The answer is no: the mixture determines its components uniquely.
There's an elementary way to show it. The idea is that each component of the mixture determines how the density behaves at extreme values and we can use this asymptotic behavior to identify (and remove) the components one by one.
To carry out this program, consider a Normal mixture
$$f(x) = \sum_{i=1}^n \frac{p_i}{\sigma_i} \phi\left(\frac{x-\mu_i}{\sigma_i}\right)$$
where
$$\phi(z) = \frac{1}{\sqrt{2\pi}} e^{-z^2/2}$$
is the standard Normal density, the $p_i\ne 0$ and $\mu_i$ are any real numbers, the $\sigma_i$ are positive real numbers, and the ordered pairs $(\mu_i,\sigma_i)$ are all distinct. Re-order the indexes $i$ if necessary so that
$$\sigma_1 \le \sigma_2 \le \ldots \le \sigma_n$$
and, whenever $\sigma_i = \sigma_j,$ then $\mu_i \le \mu_j.$ This ordering (the lexicographic ordering) is unique. We're going to examine the last component first (to reduce the length of the sum) and to that end this ordering has us first visit the most spread-out components and, within them, those that are positioned at higher values.
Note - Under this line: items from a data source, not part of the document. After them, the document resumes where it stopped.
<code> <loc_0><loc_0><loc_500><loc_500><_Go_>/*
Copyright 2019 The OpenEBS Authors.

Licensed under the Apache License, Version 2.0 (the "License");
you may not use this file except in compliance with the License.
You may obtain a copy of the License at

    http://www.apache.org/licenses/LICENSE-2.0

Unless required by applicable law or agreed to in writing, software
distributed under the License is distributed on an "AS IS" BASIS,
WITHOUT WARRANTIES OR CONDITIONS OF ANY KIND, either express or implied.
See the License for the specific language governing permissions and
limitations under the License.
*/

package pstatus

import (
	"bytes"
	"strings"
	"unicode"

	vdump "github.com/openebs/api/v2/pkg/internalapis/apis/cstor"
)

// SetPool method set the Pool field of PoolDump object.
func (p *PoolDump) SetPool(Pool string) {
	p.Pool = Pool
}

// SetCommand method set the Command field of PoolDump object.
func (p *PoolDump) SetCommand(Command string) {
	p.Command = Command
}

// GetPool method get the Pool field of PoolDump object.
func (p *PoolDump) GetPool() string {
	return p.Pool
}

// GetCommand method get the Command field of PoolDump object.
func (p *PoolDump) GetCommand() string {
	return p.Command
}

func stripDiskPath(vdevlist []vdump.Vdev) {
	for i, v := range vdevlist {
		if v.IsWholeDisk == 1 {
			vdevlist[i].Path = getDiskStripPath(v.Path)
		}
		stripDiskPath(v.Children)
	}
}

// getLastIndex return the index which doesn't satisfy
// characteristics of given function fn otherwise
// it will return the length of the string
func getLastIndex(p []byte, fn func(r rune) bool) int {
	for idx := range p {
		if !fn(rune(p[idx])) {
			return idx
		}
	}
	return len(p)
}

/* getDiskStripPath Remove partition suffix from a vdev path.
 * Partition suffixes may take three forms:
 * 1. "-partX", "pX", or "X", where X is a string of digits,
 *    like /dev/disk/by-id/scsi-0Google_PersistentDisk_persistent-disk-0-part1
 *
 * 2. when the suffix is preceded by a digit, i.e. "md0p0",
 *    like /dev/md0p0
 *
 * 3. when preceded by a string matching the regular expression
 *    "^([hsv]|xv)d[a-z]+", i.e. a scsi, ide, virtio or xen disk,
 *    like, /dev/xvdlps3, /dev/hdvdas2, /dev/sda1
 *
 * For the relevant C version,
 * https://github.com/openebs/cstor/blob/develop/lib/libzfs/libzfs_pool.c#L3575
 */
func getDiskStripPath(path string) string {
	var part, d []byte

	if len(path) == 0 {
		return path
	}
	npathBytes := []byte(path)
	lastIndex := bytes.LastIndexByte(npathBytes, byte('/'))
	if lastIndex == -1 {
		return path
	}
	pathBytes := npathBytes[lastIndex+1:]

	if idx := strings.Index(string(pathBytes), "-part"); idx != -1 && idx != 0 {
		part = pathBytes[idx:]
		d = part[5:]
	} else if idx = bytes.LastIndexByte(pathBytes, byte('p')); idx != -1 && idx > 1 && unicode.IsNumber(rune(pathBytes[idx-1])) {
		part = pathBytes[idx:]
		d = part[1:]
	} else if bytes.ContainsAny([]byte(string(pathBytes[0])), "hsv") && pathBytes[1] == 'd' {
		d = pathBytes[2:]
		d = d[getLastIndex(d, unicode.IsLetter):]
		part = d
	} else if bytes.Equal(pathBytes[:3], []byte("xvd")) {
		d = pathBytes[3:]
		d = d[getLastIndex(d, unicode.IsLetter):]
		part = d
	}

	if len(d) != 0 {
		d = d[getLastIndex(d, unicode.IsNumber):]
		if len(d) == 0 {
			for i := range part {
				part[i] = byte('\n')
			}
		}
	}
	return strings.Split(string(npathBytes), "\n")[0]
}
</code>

To study what happens to $f$ as $x$ grows large, consider
$$\eqalign{&\frac{\sigma_n}{\phi\left(\frac{x-\mu_n}{\sigma_n}\right)} f(x) \\&=
p_n + \sum_{i=1}^{n-1} p_i \frac{\sigma_n}{\sigma_i} \exp\left(\frac{(\sigma_i^2-\sigma_n^2)x^2 - 2x\left(\sigma_n^2\mu_i - \sigma_i^2\mu_n)\right) - \sigma_n^2\mu_i^2 + \sigma_i^2\mu_n^2}{2\sigma_i^2\sigma_n^2}\right).
}$$
Because every $\sigma_i^2-\sigma_n^2 \le 0,$ the limiting values of the exponentials in the sum are all $0$ unless the coefficient of the $x^2$ term is zero, which is only the case when $\sigma_i = \sigma_n.$ But in those cases the limiting values are still zero unless the coefficient of $x$ is zero, which (since now $\sigma_i^2=\sigma_n^2$) occurs only when $\mu_i=\mu_n.$ But we have arranged at the outset that this never happens: there is no $i\ne n$ for which $(\mu_i,\sigma_i)=(\mu_n,\sigma_n).$ Thus,
$$\lim_{x\to\infty} \frac{\sigma_n}{\phi\left(\frac{x-\mu_n}{\sigma_n}\right)} f(x) = p_n.$$
Had we used any value other than $\sigma_n$ in this analysis, the limit would have been either $0$ or diverging to $\pm \infty;$ and, having used $\sigma_n,$ using any other value in place of $\mu_n$ also would have produced a limit of $0$ or $\pm\infty.$ In other words, $(\mu_n,\sigma_n)$ is the only parameter for which we can achieve a finite nonzero limit and that limit determines $p_n.$
This shows that any mixture of $n$ distinct Normal densities determines its last component (in the lexicographic ordering of components). Subtracting off this component yields a Normal mixture with one less component, instantly giving an inductive proof of the result:
Let $p_i\ne 0,q_j\ne 0,\sigma_i\gt 0,\tau_j\gt 0,\mu_i,$ and $\nu_j$ be any real numbers for $1\le i \le n$ and $1\le j \le k.$ If every number $x$ in a set with no upper bound satisfies $$ \sum_{i=1}^n \frac{p_i}{\sigma_i} \phi\left(\frac{x-\mu_i}{\sigma_i}\right) = \sum_{i=1}^k \frac{q_i}{\tau_i} \phi\left(\frac{x-\nu_i}{\tau_i}\right)$$ and each sum involves distinct Normal components and is ordered lexicographically, then $n=k$ and for each $1\le i\le n,$ $p_i=q_i,$ $\mu_i=\nu_i,$ and $\sigma_i=\tau_i.$
(I phrased this in a way that indicates how this analysis can be generalized to some other families of distributions, including discrete distributions.)
Notice we never had to assume the $p_i$ were positive or that they had to sum to unity. In fact, we didn't even have to assume $n$ and $k$ are finite! In the countably infinite case, all that's needed to carry the demonstration through is that the sets of $\sigma_i$ and $\tau_j$ are bounded above, have only one accumulation point each, and that each set of $\mu_i$ and $\nu_j$ has at most one accumulation point in the extended reals.